我真正阅读张爱玲,是近几年。早些年我的阅读有点随波逐流,张爱玲热的时候,跟大家一起读;热别人的时候,就读别人。张爱玲的文字风格我一直很喜欢很欣赏,但要说读得很用心就谈不上。
一直等到我人到中年,自己生活起起伏伏,经过一些事情了,我才真正被她所吸引。
所以张爱玲是个非常早熟的作家,她的代表作品写出来时,她才二十出头,等读者真正能读懂她,读者差不多已经老了。
因为特殊的人生经历,张爱玲是个备受争议的人物,她的文学成就以及作品魅力,一再被读者重新发现和重新定义。近年来解读张爱玲比较有名的学者,岭南大学教授许子东,他经常在凤凰卫视亮相,曾经说过两句有名的话:
一句是“鲁迅是一座山,但张爱玲是一条河”,意思是鲁迅是一座高高的山,把后面那些小山都挡住了,但张爱玲是一条河,山再高也挡不住。这个说法很形象很生动,非常有意思。我们一下就懂了。
还有一句是什么呢?他说:张爱玲是一个在“五四”以来主流文学史上无处安放的作家。
这句话有点难理解。要理解,就得梳理一下“五四”以来的主流文学。
主流文学有三条清晰的脉络:
一条是忧国忧民的启蒙救世,从鲁迅一直到延安一直到延安以后的文学传统;
第二条是“自己的园地”,如周作人等,相信作家应该为自己写作,不应该为政治服务,相信文学的纯洁性;
第三条就是通俗文学,从鸳鸯蝴蝶派一直到后来的金庸、言情小说、网络小说等等,认为文学就是娱乐的,读者想看什么你就写什么,不要背那么重的包袱。
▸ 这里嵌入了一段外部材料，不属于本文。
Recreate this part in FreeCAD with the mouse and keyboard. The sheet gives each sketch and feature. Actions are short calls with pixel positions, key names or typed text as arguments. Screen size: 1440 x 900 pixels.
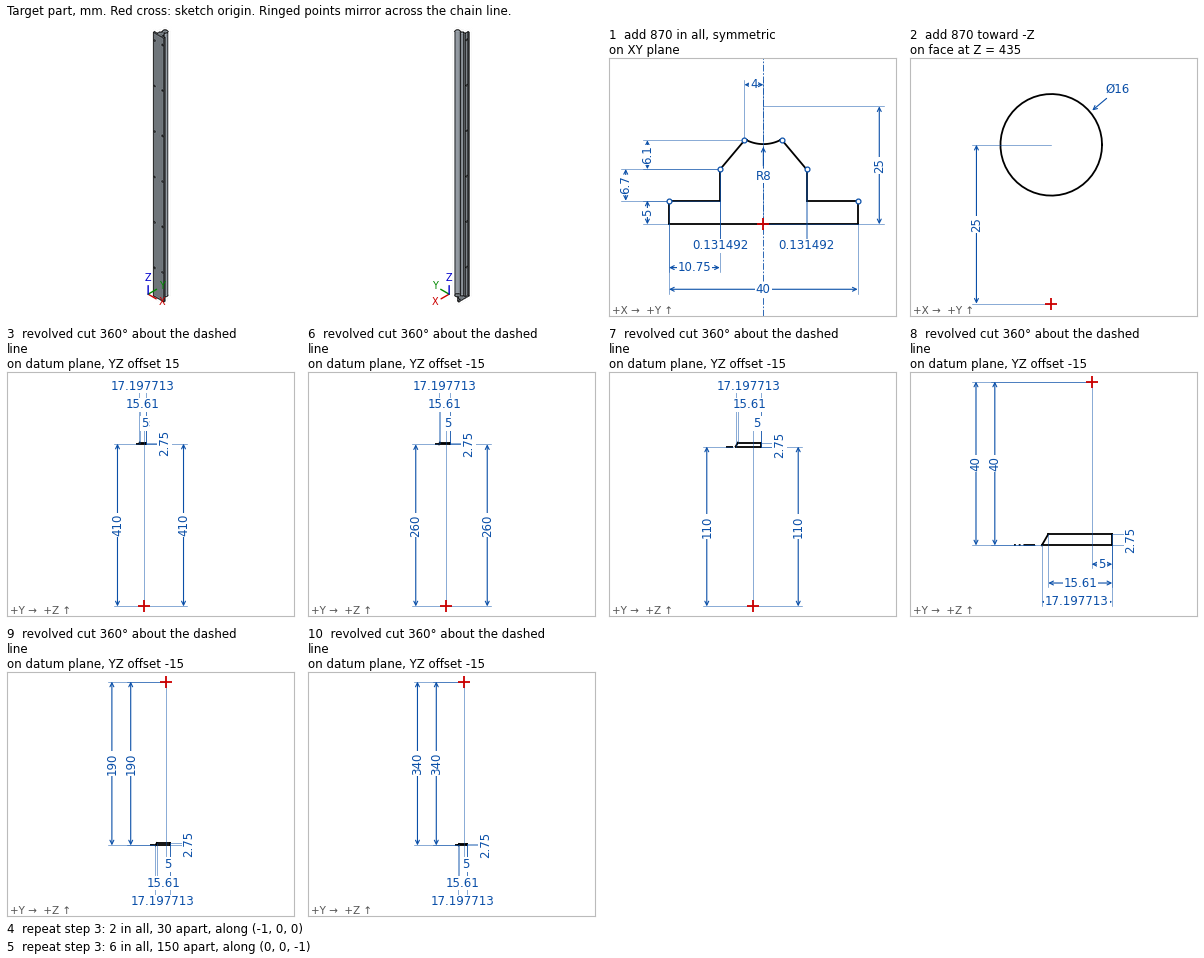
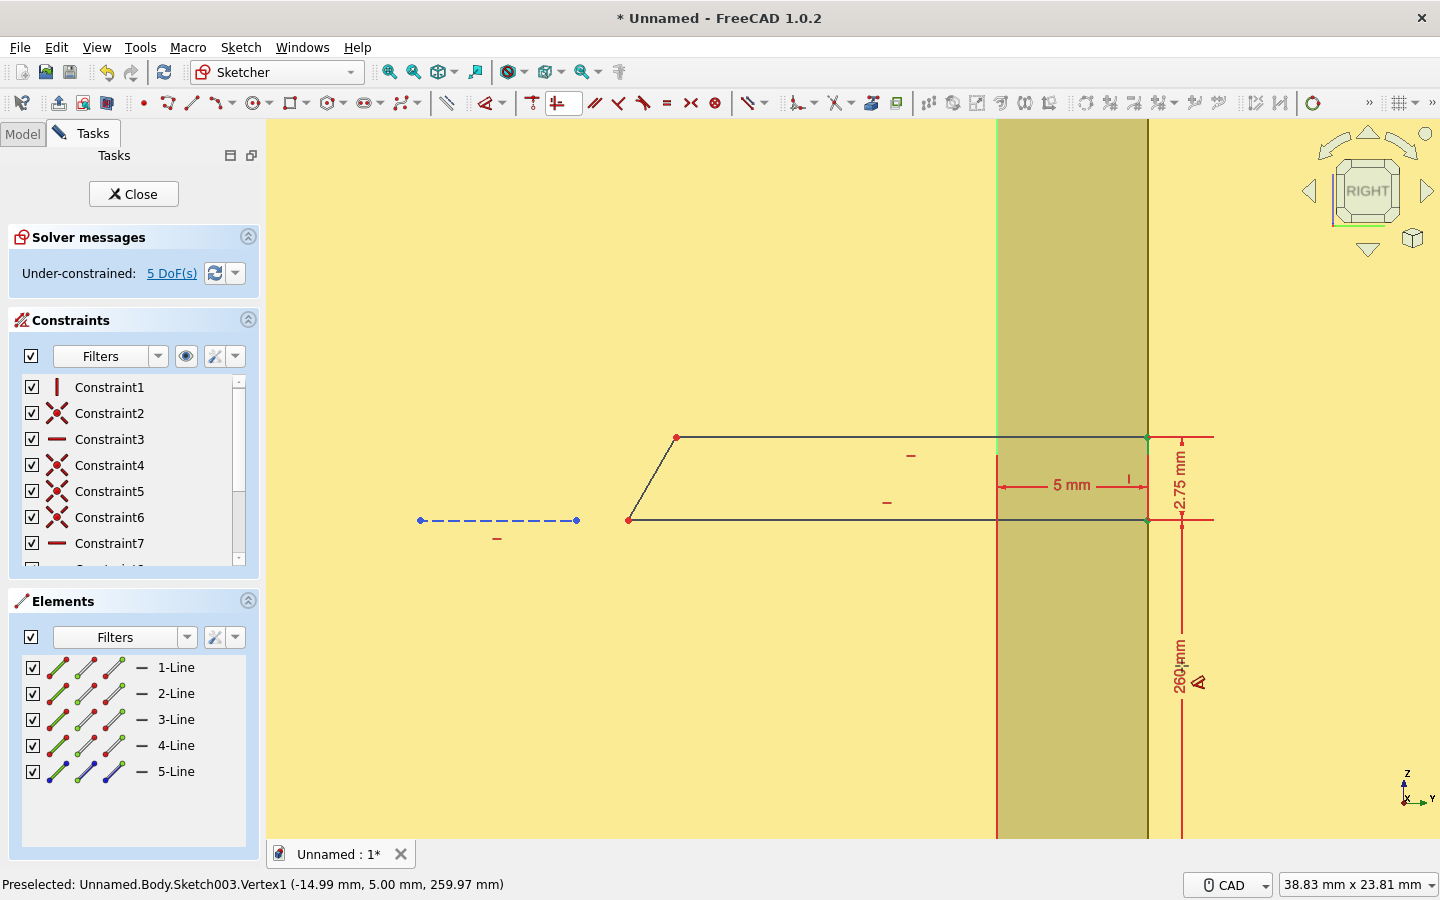
click(576, 521)
click(1031, 666)

大部分作家都可以归入这三条线索,有的作家可以跨两条线。但张爱玲是一个非常特别的人,这三条线她都不太放得下,无法安放。
许子东说“无法安放”不是张爱玲的错,我非常认同,我们至今为什么还要阅读张爱玲,就是她帮助我们打破了常规的阅读体验,“无处安放”恰恰是她的魅力所在。
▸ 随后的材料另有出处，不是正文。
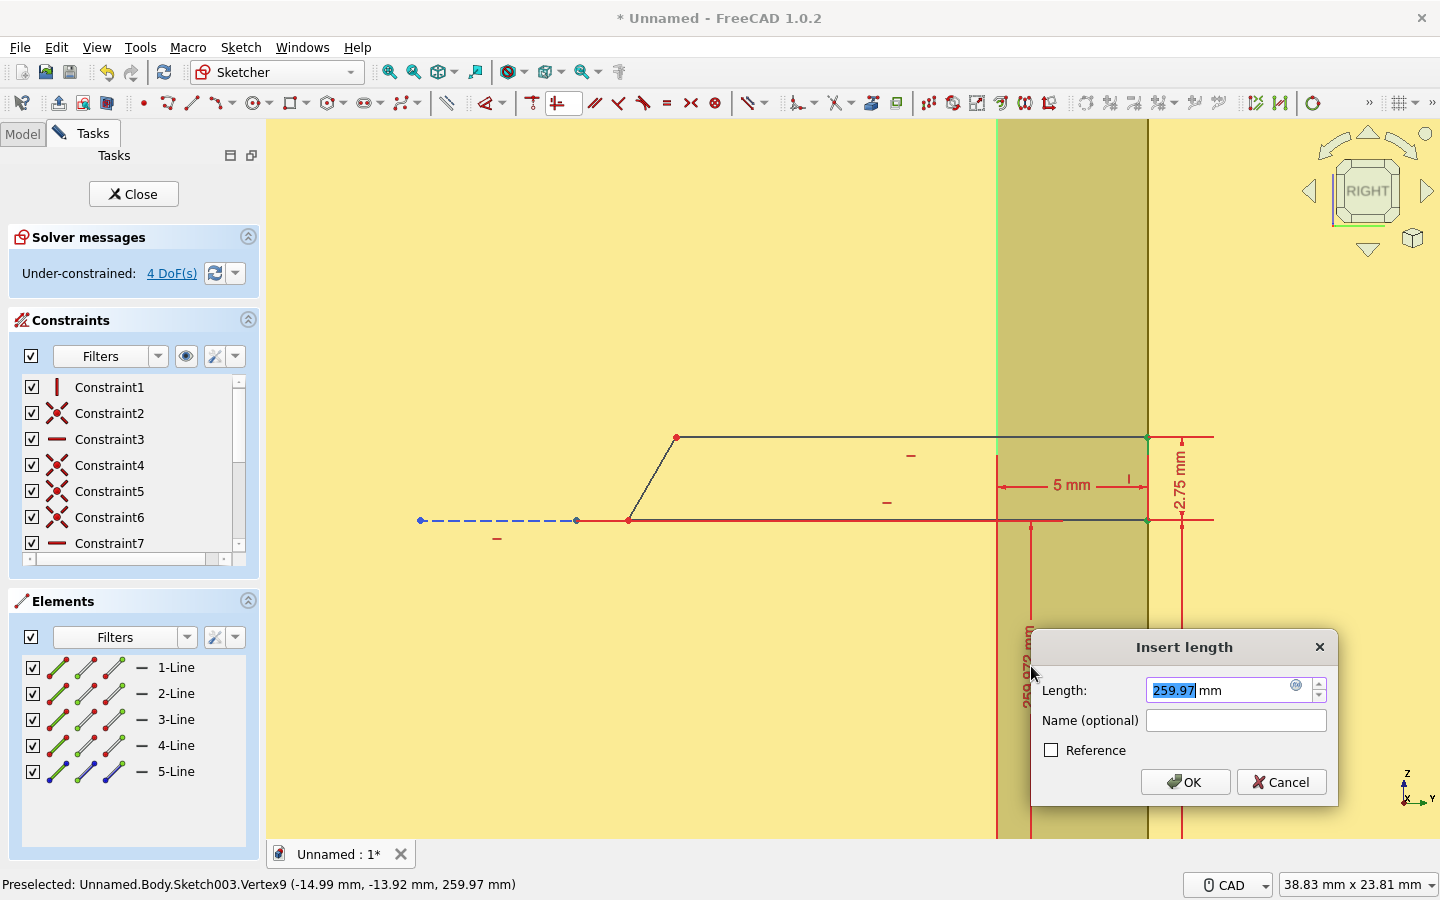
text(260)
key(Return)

因为时间有限,我还是赶紧切入今晚交流的主题“张爱玲的服饰描写——以《金锁记》为例”,跟各位文友一起欣赏张爱玲的文字魅力。熟悉张爱玲的读者都知道,张爱玲是个“服装控”。
她弟弟曾经感慨,有天才的人,总跟别人有点两样。他说张爱玲喜欢特别,随便什么事情总爱跟别人两样。尤其在穿衣服上。
其实,所有女人都觉得自己的衣橱里少了一件衣服,就是特别想要的那件。在这一点上,张爱玲与大多数女人没两样。
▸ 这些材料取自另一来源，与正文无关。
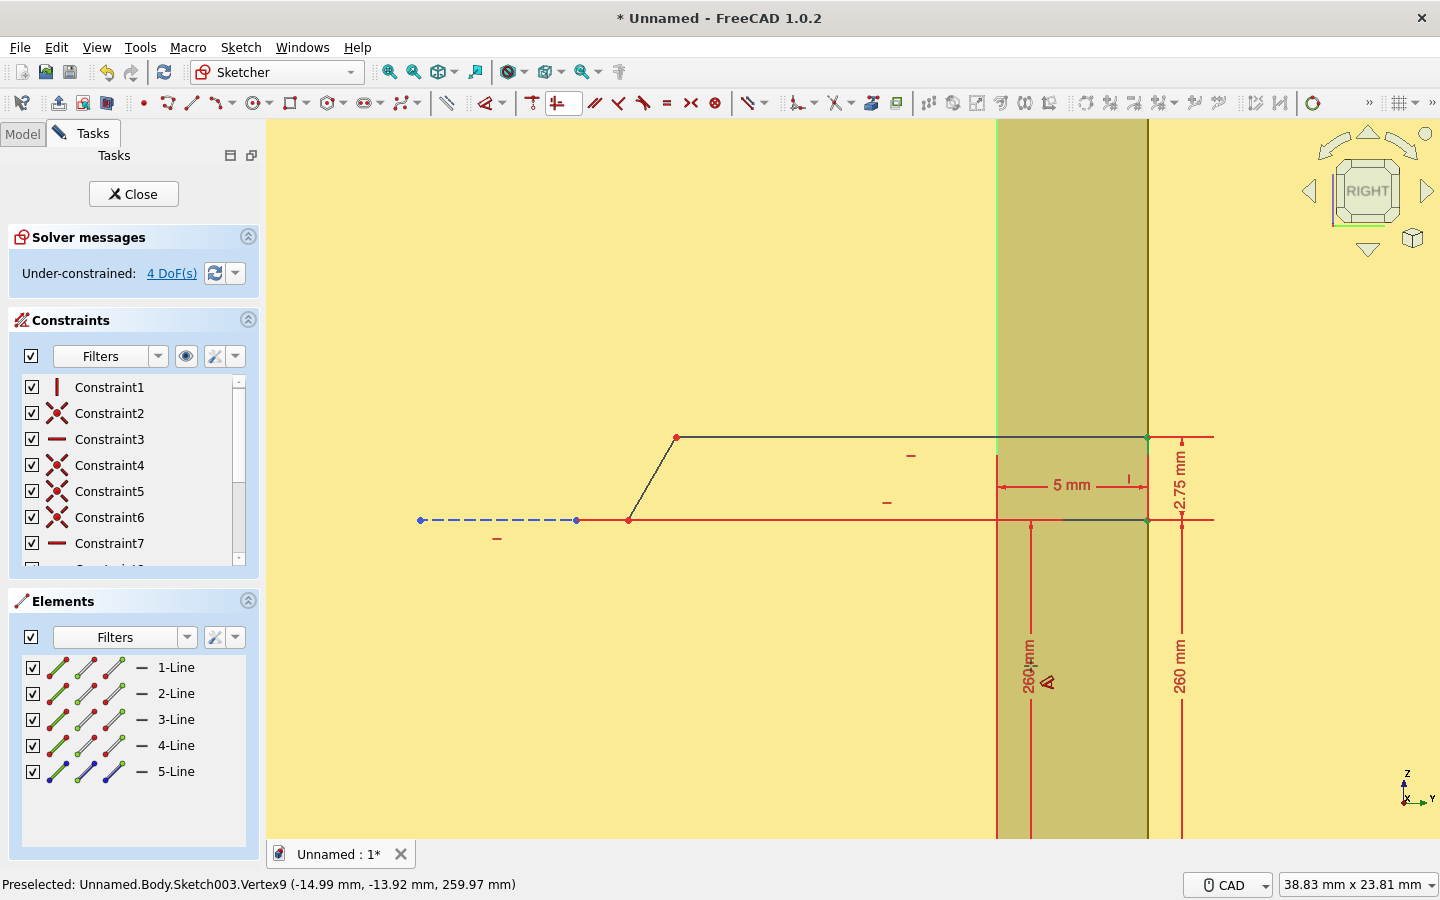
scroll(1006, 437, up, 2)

在这个以貌取人的势利社会,不管我们承不承认,这个世界确实很势利,尤其对女人。没几件得体的衣服,再自信的女人,也难以自信。
美丽的衣服就是女人征服这个世界的铠甲。看童话的我们从小就知道,灰姑娘是穿上水晶鞋,王子才爱上她。《乱世佳人》郝思嘉再落魄,也要用绿色窗帘布给自己做一条漂亮裙子,才有勇气去见白瑞德,即使那个男人又老又落魄,被关在牢里。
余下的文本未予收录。